** Opening RECORDS FOR THE EXERCISE block **

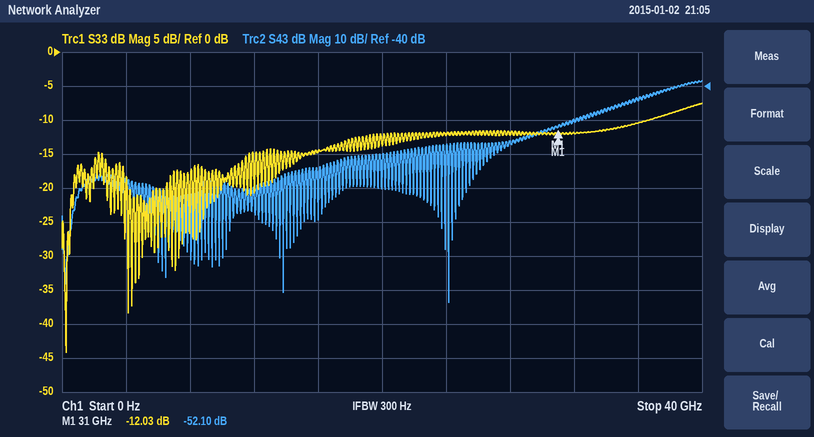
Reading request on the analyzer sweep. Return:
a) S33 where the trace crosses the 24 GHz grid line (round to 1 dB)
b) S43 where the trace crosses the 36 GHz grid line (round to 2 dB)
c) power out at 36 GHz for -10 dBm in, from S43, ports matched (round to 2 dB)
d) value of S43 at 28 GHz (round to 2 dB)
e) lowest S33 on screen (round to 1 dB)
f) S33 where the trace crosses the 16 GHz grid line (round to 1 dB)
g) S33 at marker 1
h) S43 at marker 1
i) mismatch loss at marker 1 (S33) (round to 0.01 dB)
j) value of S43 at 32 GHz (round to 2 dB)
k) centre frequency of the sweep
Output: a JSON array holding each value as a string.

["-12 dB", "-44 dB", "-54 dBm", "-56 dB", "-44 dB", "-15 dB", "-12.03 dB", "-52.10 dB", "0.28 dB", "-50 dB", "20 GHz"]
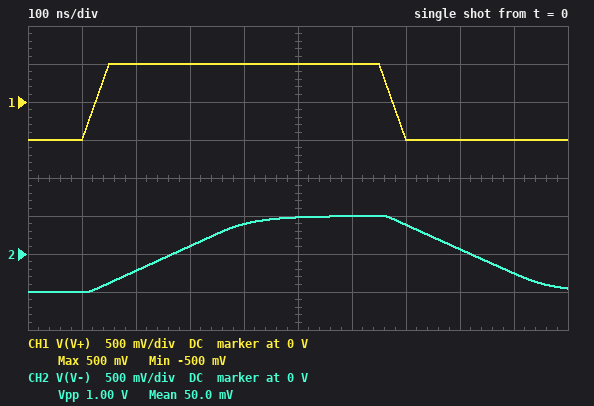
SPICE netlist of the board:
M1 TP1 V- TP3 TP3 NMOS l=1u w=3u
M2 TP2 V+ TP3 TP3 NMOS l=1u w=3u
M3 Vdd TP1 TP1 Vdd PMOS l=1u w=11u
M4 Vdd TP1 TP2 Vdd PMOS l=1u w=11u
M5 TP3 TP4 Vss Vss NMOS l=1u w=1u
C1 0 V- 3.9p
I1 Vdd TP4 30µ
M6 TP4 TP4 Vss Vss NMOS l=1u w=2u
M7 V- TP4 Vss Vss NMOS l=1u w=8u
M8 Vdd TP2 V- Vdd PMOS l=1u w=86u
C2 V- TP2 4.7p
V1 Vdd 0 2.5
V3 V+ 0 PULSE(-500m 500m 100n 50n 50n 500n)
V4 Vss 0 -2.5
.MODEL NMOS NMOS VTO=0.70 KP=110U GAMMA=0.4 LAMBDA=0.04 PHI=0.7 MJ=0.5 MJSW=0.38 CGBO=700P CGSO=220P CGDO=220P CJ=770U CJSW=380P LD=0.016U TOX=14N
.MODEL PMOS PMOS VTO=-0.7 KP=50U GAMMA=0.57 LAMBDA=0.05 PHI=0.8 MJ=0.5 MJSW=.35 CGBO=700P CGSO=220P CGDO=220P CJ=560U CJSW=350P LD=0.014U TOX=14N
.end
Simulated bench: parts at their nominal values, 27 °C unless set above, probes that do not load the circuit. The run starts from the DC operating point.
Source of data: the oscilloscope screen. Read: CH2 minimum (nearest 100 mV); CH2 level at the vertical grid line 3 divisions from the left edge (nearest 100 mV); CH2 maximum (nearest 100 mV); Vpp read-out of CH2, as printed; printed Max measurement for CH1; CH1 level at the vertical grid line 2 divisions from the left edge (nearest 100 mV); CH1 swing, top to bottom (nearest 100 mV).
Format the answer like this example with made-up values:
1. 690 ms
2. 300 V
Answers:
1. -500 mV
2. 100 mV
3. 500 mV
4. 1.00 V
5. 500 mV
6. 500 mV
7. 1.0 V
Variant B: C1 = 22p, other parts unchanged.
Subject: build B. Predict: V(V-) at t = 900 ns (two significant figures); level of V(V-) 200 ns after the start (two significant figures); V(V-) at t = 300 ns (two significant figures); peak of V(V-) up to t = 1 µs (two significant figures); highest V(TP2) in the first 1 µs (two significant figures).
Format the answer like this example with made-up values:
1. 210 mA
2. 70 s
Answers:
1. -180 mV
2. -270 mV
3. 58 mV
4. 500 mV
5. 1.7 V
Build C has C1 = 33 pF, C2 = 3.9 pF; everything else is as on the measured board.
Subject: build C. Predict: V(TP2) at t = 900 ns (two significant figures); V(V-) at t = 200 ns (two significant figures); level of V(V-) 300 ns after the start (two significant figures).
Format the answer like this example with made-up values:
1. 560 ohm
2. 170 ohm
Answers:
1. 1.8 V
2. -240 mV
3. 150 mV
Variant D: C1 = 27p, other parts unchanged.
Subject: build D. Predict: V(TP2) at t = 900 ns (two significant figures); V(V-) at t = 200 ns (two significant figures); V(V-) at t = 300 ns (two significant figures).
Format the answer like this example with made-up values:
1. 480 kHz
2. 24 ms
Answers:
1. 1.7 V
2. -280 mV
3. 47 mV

** Closing RECORDS FOR THE EXERCISE block **
** Opening RECORDS FOR THE EXERCISE block **

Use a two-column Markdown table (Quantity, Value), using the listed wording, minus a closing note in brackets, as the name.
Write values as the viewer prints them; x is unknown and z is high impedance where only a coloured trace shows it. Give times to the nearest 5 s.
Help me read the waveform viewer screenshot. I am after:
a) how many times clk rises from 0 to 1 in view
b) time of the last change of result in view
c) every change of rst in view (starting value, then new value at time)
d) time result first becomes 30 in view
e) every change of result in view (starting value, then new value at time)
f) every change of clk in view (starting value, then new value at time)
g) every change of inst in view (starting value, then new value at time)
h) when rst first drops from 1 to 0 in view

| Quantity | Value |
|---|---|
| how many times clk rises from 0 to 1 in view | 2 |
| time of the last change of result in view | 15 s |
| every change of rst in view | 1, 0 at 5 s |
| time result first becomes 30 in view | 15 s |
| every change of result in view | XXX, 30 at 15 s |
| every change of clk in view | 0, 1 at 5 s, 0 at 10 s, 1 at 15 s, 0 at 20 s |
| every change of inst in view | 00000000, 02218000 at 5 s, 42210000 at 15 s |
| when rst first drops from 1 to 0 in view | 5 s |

** Closing RECORDS FOR THE EXERCISE block **

REQUIREMENT: Using the data above, print exactly the lines from the line that contains "Use a two-column" through the line that contains "c) every change", with both included.

EXERCISE SOLUTION:
Use a two-column Markdown table (Quantity, Value), using the listed wording, minus a closing note in brackets, as the name.
Write values as the viewer prints them; x is unknown and z is high impedance where only a coloured trace shows it. Give times to the nearest 5 s.
Help me read the waveform viewer screenshot. I am after:
a) how many times clk rises from 0 to 1 in view
b) time of the last change of result in view
c) every change of rst in view (starting value, then new value at time)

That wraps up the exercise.